6 killed in liquid nitrogen leak at Georgia poultry plant
A line carrying liquid nitrogen ruptured at a poultry processing plant in Georgia on Thursday morning, killing at least six people and injuring 11 others, officials said.
Firefighters responded at 10:12 a.m. to a report of burns at the Foundation Food Group plant in Gainesville, Georgia, about 55 miles northeast of Atlanta, Zach Brackett, a Hall County fire division chief, said at a news conference.
Once there, firefighters found a “large contingent of employees that had evacuated, along with multiple victims that were in that crowd that were also experiencing medical emergencies around the facility,” Brackett said.
Five people were found dead inside the plant and a sixth person died after being taken to the emergency department at the Northeast Georgia Medical Center in Gainesville, according to Beth Downs, a medical center spokesperson.
Three others at the medical center were in critical condition and five, including one firefighter, were in fair condition, Downs said. Another three who had been taken to the hospital were released, she added. All those who were hospitalized had respiratory problems.
An additional 130 people were taken by school buses to a church for evaluation by medical personnel from Northeast Georgia Health System, Brackett said.
Nicholas Ancrum, the vice president of human resources at Foundation Food Group, said that a “tragic accident” had occurred at the plant, which had been called the Prime Pak Foods plant until it was taken over by the Foundation Food Group, a poultry company with headquarters in Gainesville, earlier this month.
“Preliminary indications are that a nitrogen line ruptured inside the facility,” Ancrum said at a news conference. “Those lost today include maintenance, supervisory and management team members. Every team member is equally important to us and our hearts go out to their families and communities who have suffered such a devastating loss.”
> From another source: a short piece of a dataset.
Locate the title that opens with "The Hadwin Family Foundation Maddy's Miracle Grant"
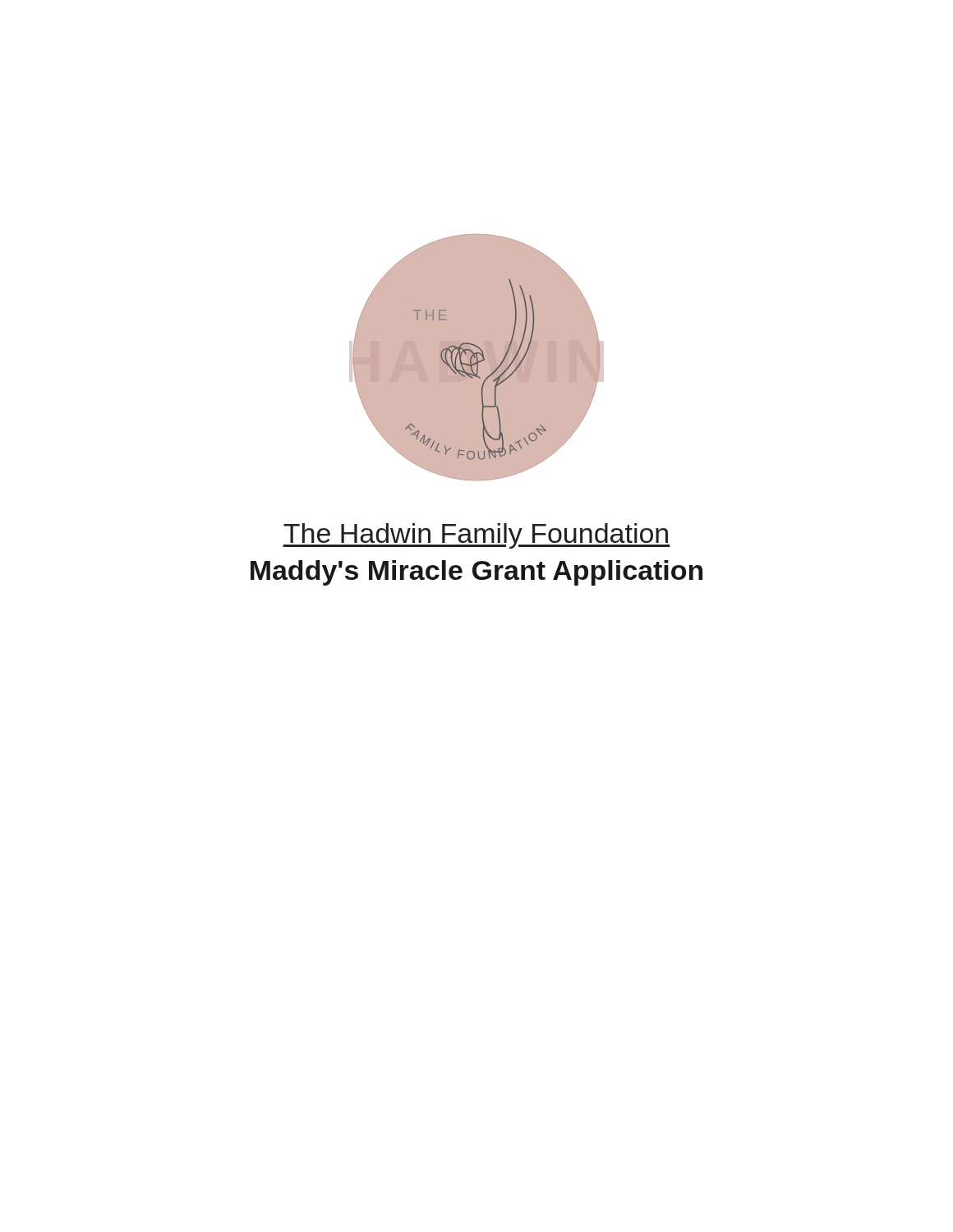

Ancrum said that the company had immediately evacuated 130 employees and had taken steps to protect others and the surrounding area from exposure.
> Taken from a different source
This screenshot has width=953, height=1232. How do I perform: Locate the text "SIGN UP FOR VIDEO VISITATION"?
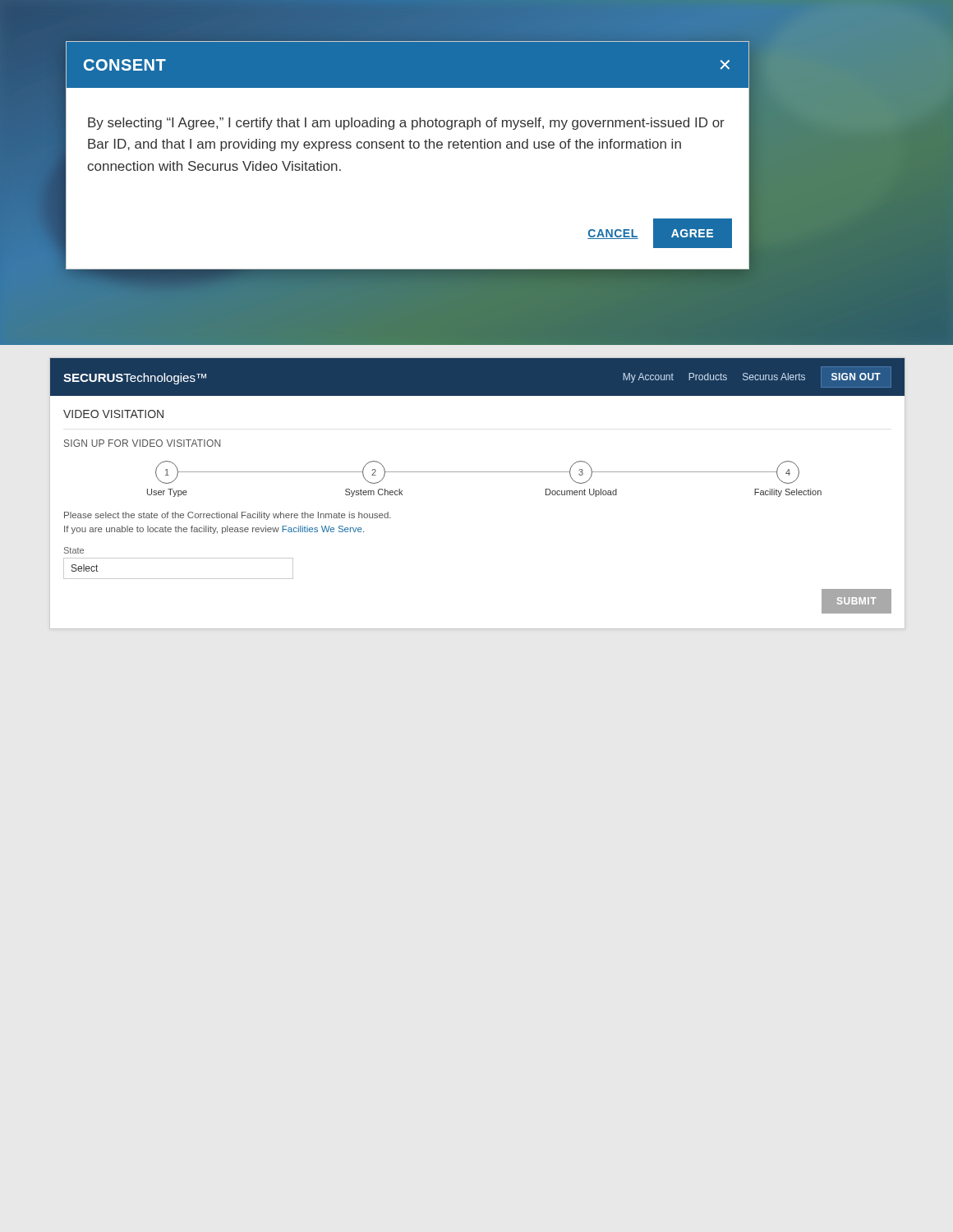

“Foundation Food Group takes workplace safety very seriously, and works constantly to adopt and implement the most effective safety programs available to the industry,” Ancrum said. “Until this investigation is completed, we cannot say with confidence precisely how this accident occurred.”
Brackett confirmed that authorities were investigating what he called a “leak of unknown cause” that had occurred at the plant. The Georgia state fire marshal, the Hall County Sheriff’s Office and the Occupational Safety and Health Administration were among the agencies involved in the investigation. Liquid nitrogen can be used to rapidly chill, cool or freeze chicken for processing.
Georgia is a top chicken-producing state, and Gainesville has been called the poultry capital of the world because of its many plants.
The industry nationwide is known for paying workers low wages in freezing-cold plants, where they often stand shoulder to shoulder processing birds at a rapid clip, according to the Retail, Wholesale and Department Store Union, which represents some poultry workers.
The work is hazardous, and poultry-processing employees may be exposed to high noise levels, dangerous equipment, slippery floors and hazardous chemicals, including ammonia that is used as a refrigerant, according to the Occupational Safety and Health Administration. Workers may also be exposed to poultry feces and dusts that can increase their risk for disease.
Gov. Brian Kemp of Georgia said in a statement that “our hearts are broken after hearing about the tragedy that took place at Prime Pak Foods in Gainesville this morning.”
He said he and his family had asked all Georgians “to join us in praying for the families facing a terrible loss and the other employees who are receiving medical care.”